Изменить стиль страницы

От бояр же и прочих сословий подарки, словно река, лились всякий день непрерывно в стан государя.

Тихо и мирно становилось все в Новгороде, но февраля первого пошли опять тревоги. Приказал в этот день государь схватить купеческого старосту Марка Панфильева, а на другой день — Марфу Борецкую с внуком Василием Федоровым, отец которого умер в темнице муромской в заточении, а из житьих людей — Григория Киприянова, Ивана Кузьмина, Акинфа с сыном Романом и Юрия Репехова да отвезти всех задержанных на Москву в оковах, а вотчины и все имущество их отписать в казну государеву.

Никто не посмел вступиться за них, ибо явные были они сторонники короля Казимира и враги Москвы.

В эти же дни наместник государев князь Иван Стрига-Оболенский по приказу Ивана Васильевича нашел и доставил ему все договорные грамоты новгородцев с Казимиром.

Снова после этого все стало тихо и спокойно в Новгороде, но государь еще двух своих наместников прислал — Василия Китая, бывшего наместника своего новоторжского, да боярина Ивана Зиновьева для соблюдения еще пущей тишины, повелев им занять владычные палаты каменные…

Февраля восьмого великий князь поехал опять в храм Св.
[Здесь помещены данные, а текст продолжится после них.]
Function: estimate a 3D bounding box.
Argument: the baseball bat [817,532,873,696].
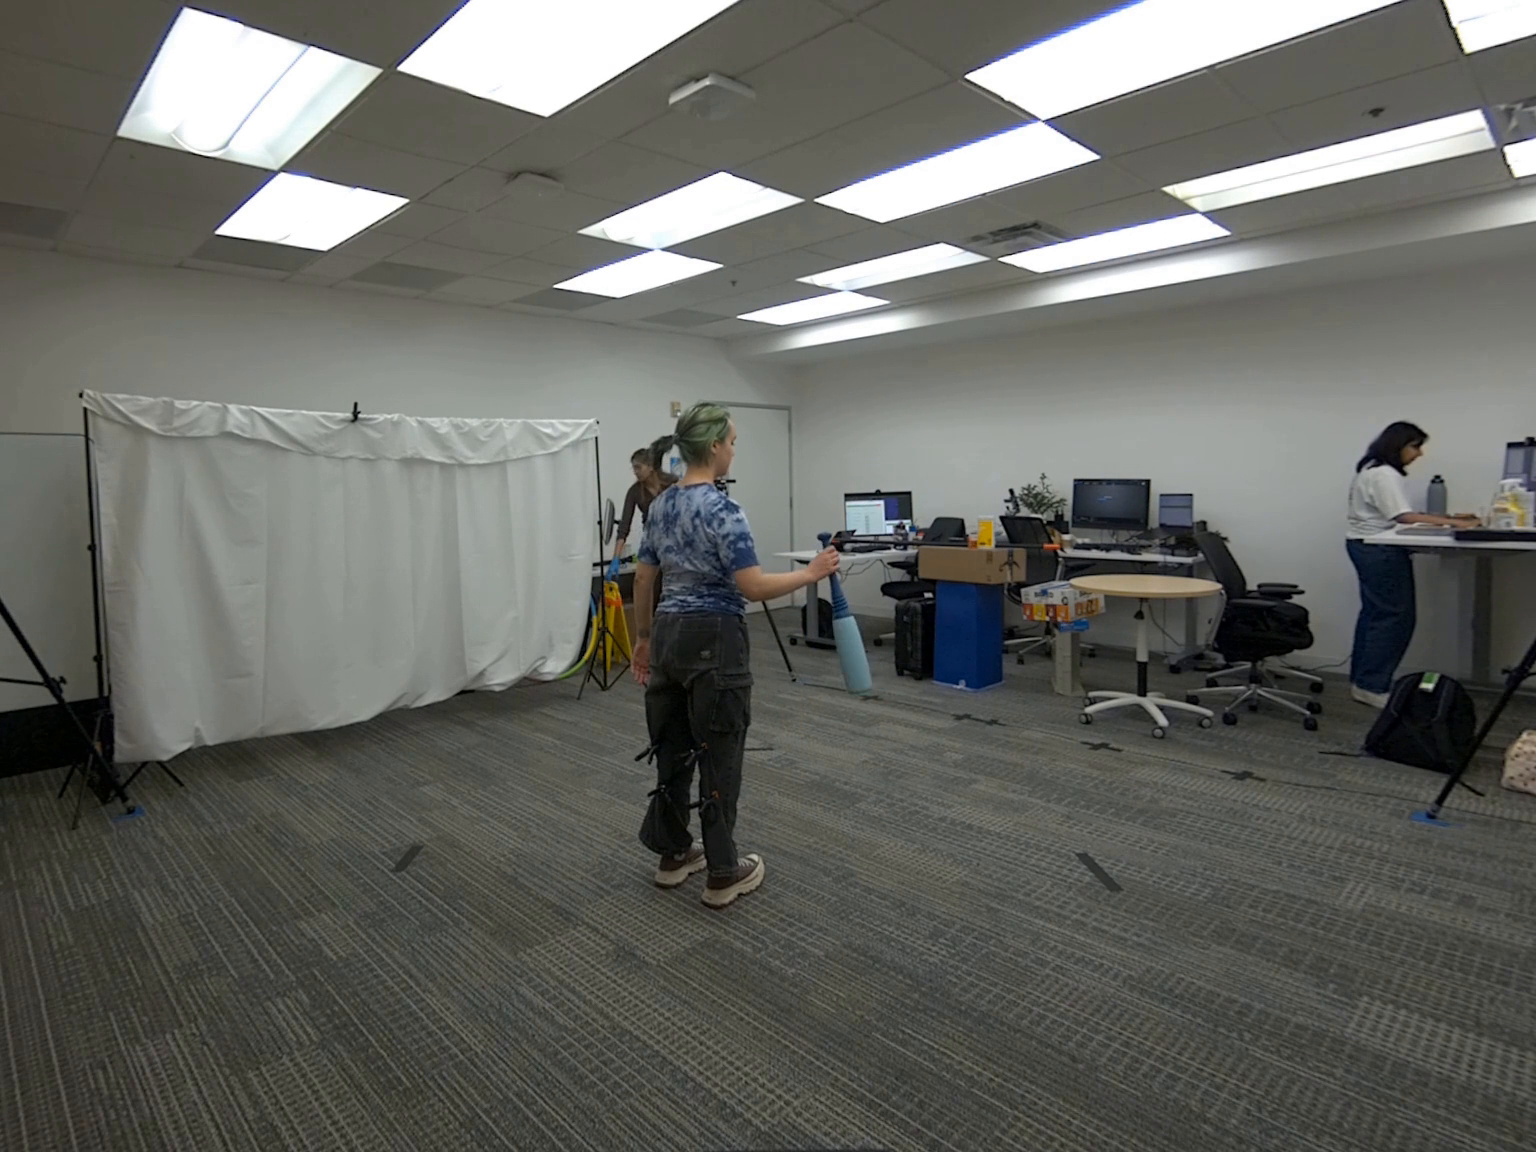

Софии к обедне с братом князем Андреем меньшим и пригласил к обеду в Паозерье владыку, многих бояр и житьих людей.

А за обедом владыка, угодить желая великому князю, позвал его в Св. Софию к обедне февраля двенадцатого, в день памяти Св. Алексия, митрополита московского. Государь был весьма доволен и обещал быть непременно.

В этот день встретили государя в храме торжественно, всем клиром, с крестами и с почетной стражей из владычного полка. Сам владыка стоял посредине церкви в полном облачении, готовый к служению.

Благословив великого князя, владыка сделал знак софиянам, слугам своим, и сей же час подали заготовленные дары.

— Поздравляю тя, государь, — торжественно произнес Феофил, — со днем святого Алексия, митрополита московского, защитника и хранителя твоего стольного града, чудотворца и угодника Божия…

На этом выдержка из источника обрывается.